So there's that. See how young we were? 21 at the time of wedding #2.
When we met, I was on my second go at college and Jon had started about 6 months before, after taking time off following high school graduation. I was attempting part-time community college while working full time after I'd dropped out of Antioch College the previous spring. Antioch was originally supposed to be a mix of freedom and structure (they have no grades, just evaluations) to follow my 2 years unschooling the last bit of high school. It didn't really work out.
I'm telling this story all sorts of out of order. When I was 15, a friend of the family's gave me a copy of Grace Llewellyn's Teenage Liberation Handbook. It spoke to me so much. I was miserable in school - bored to tears and unable to focus on the things I was really interested in. I did poorly out of lack of interest, not lack of intelligence. I preferred writing, reading, theatre, and hanging out with friends to Algebra, Spanish, and the worst English teacher in the history of the world. I spent my entire sophomore year of high school convincing my parents that I didn't have to be there. Finally, in May, they consented to letting me come home.
Interestingly, Jon had a similar miserable experience in high school, but wasn't given any opportunity to get out. While his friends were National Honors Scholars, Jon was reading Carl Sagan at home and earning Ds and Fs at school. He graduated with a 2.7 gpa.
Early in our marriage, we talked about homeschooling any potential children we had. At the time, I figured I'd send my littles to Montessori school like I was, maybe homeschooling later, like I did. I had a bit of an aversion to being so responsible for my children as a stay-at-home mother, though I didn't really have a career that I planned to have occupy me outside of the home anyway. At the same time, I envisioned early on that I would be at home with my kids, exploring my own interests from a home setting: writing, painting, gardening... Ultimately, the fears as well as the conversation were pretty pointless pre-kids. Then came Aleksander.

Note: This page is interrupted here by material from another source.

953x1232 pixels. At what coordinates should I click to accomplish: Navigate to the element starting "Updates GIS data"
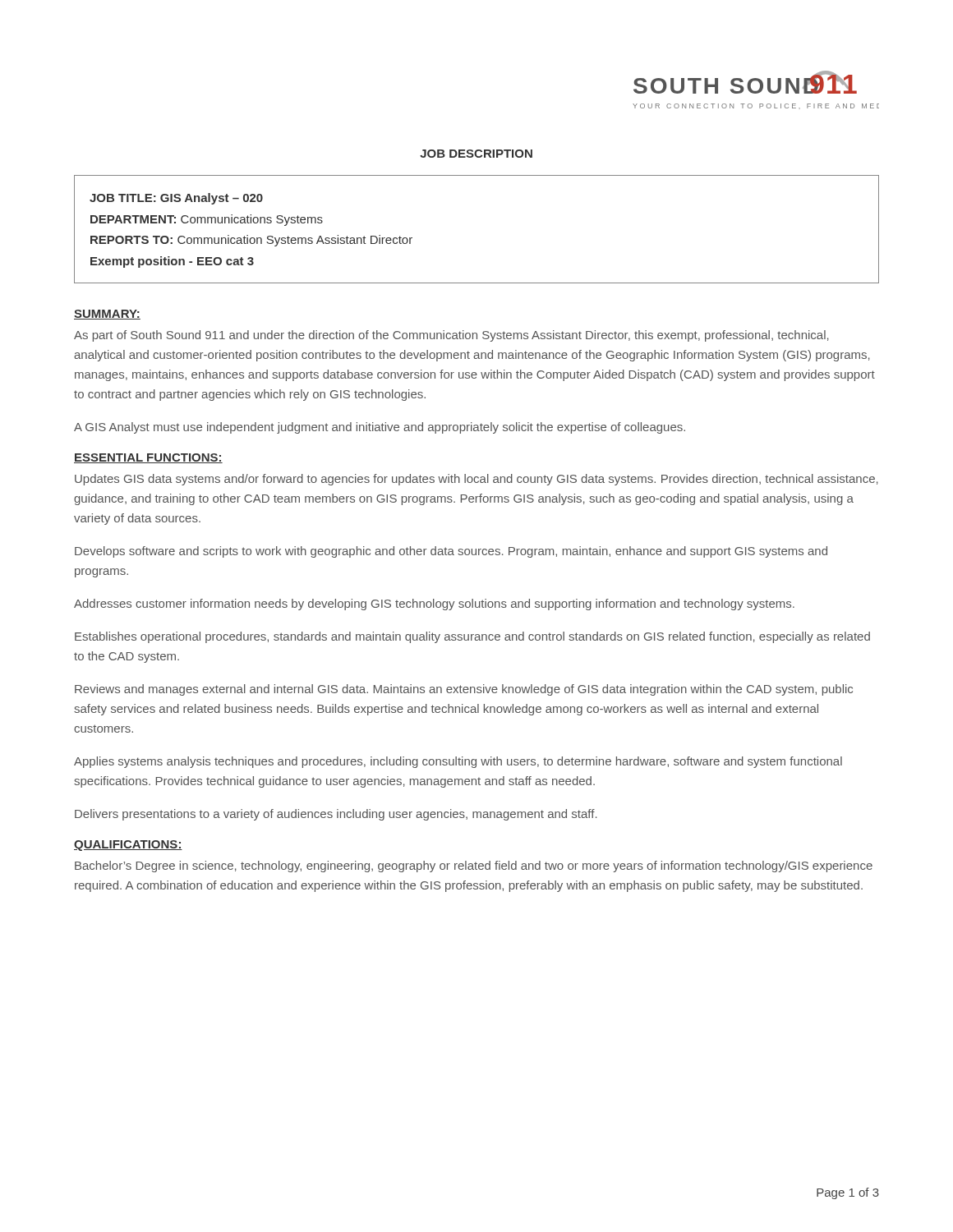click(x=476, y=498)

I found out I was pregnant December 9th, 2001. So I guess we had one of those post-September 11th babies that I later read were a myth. We didn't plan on having a baby then. I had started to talk about potentially having children sooner than we'd originally anticipated, like maybe trying in a year, when Jon would be starting graduate school. As it was, we were living an hour from our families at a major university where Jon was finishing his Bachelor's degree and I was just deciding to quit my third attempt at going to college, having found it unsatisfying and feeling frustrated by having to take classes that didn't interest me. But we were pregnant.
The first few weeks were full of fear of the unknown and constant nausea. Our car got broken into and we were barely making rent, so it was a pretty unsettling time to be making a baby. After I started to feel better and we made it to the second trimester, I found my groove though and enjoyed my pregnancy. I took prenatal yoga, ate well, and enjoyed time rubbing my burgeoning belly. I became isolated from my friends being that I wasn't hanging out in bars anymore and had to hold down a full time temp gig to survive, but I still enjoyed being pregnant and focusing all my attention on preparing for birth.
We immediately planned on having a homebirth. I always knew I'd have my babies at home. I was born at home, my younger sister was born at home, and all our close family friends pretty much had their babies at home. Several family friends were direct-entry midwives and my mother had become a Certified Nurse Midwife while I was in high school. She mainly caught babies in the hospital, but would attend us at home with a midwife friend assisting.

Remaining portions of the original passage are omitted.